# Exercise directions
Retype, word for word, only the lines from the one containing "Select the text" through the last line of the listing below. Pictures do not belong in the result.

─── Recorded data ───

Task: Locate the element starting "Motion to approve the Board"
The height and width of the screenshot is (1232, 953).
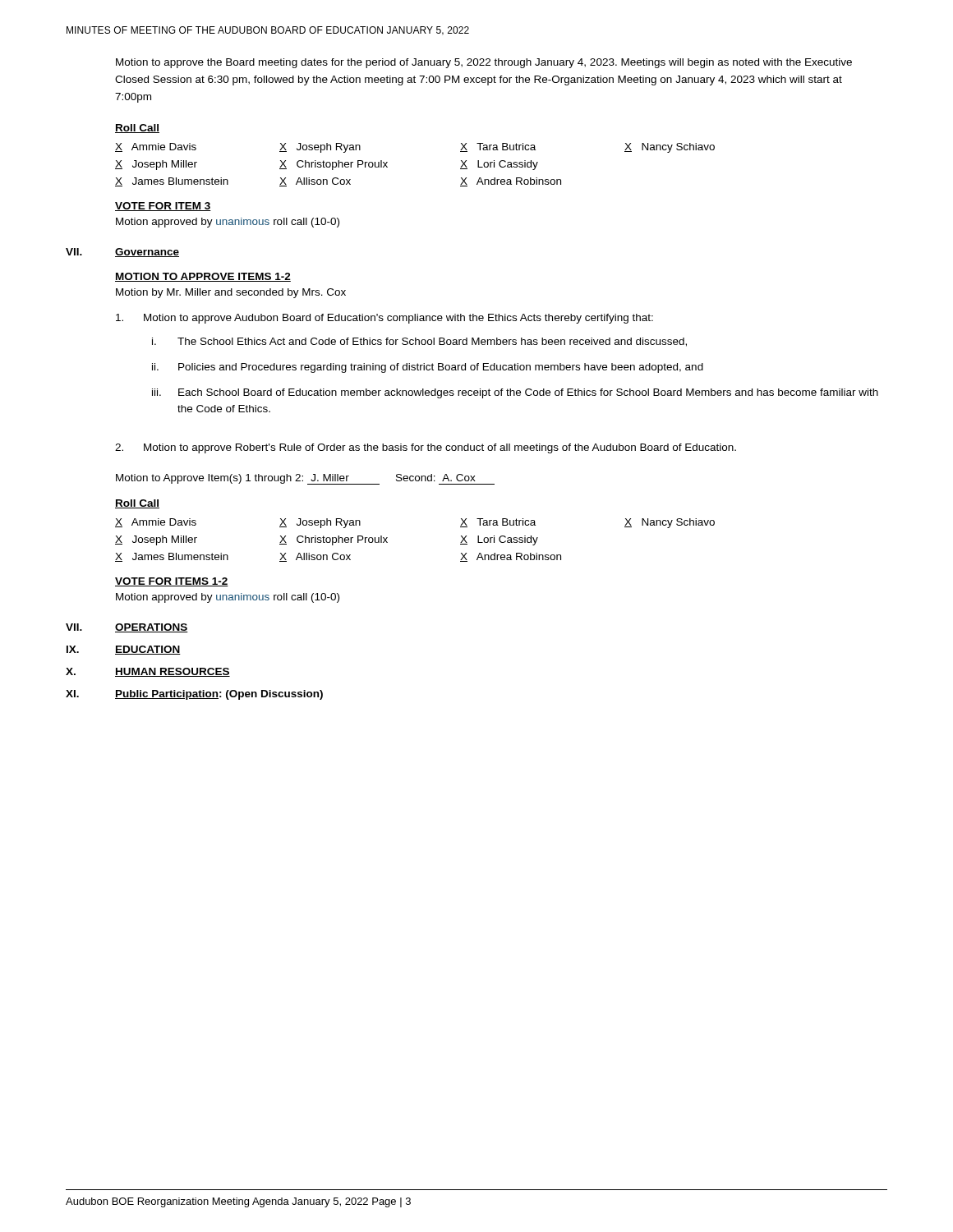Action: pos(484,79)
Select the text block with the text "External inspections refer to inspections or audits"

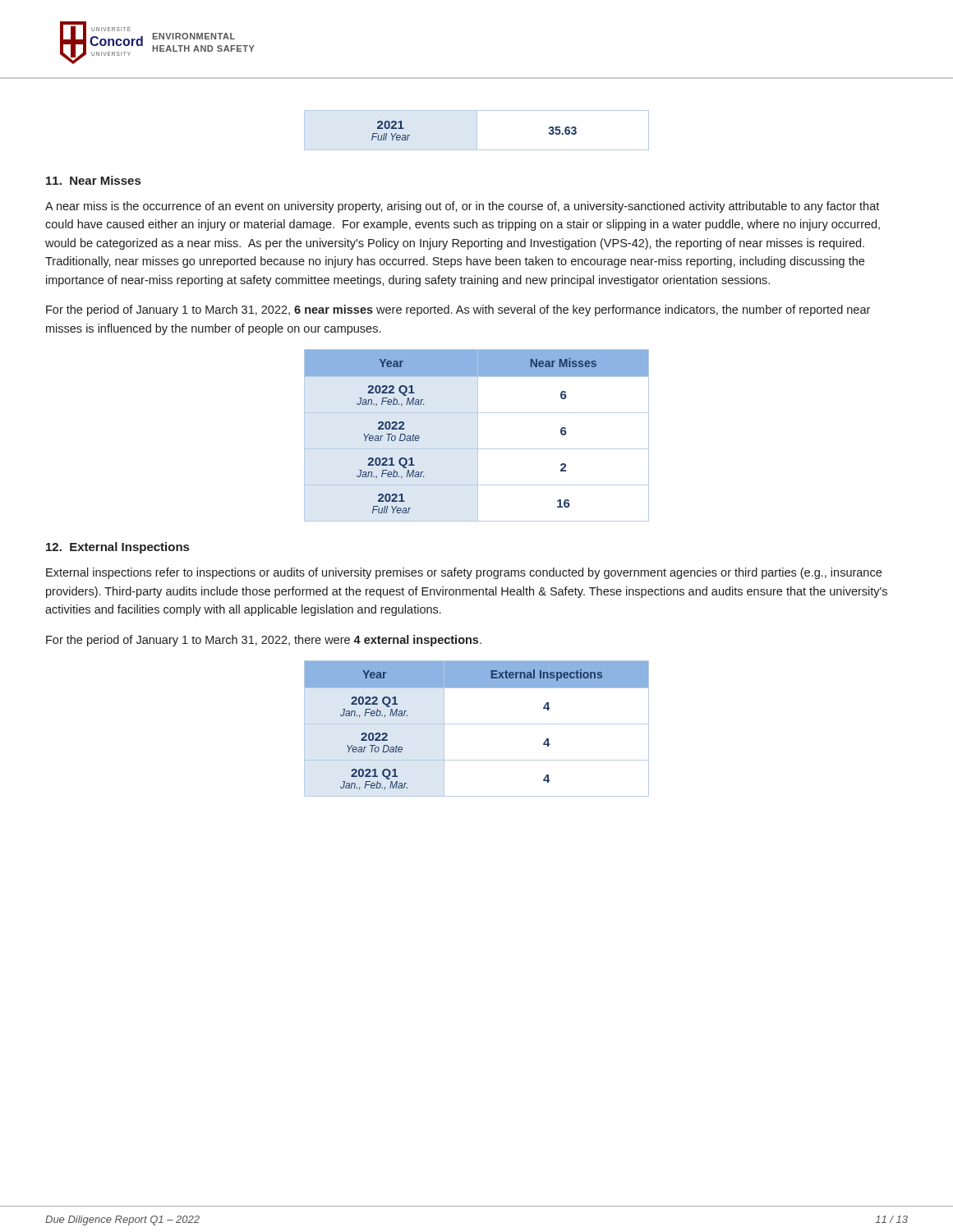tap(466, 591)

───

# Output for this task
Select the text block with the text "External inspections refer to inspections or audits"

tap(466, 591)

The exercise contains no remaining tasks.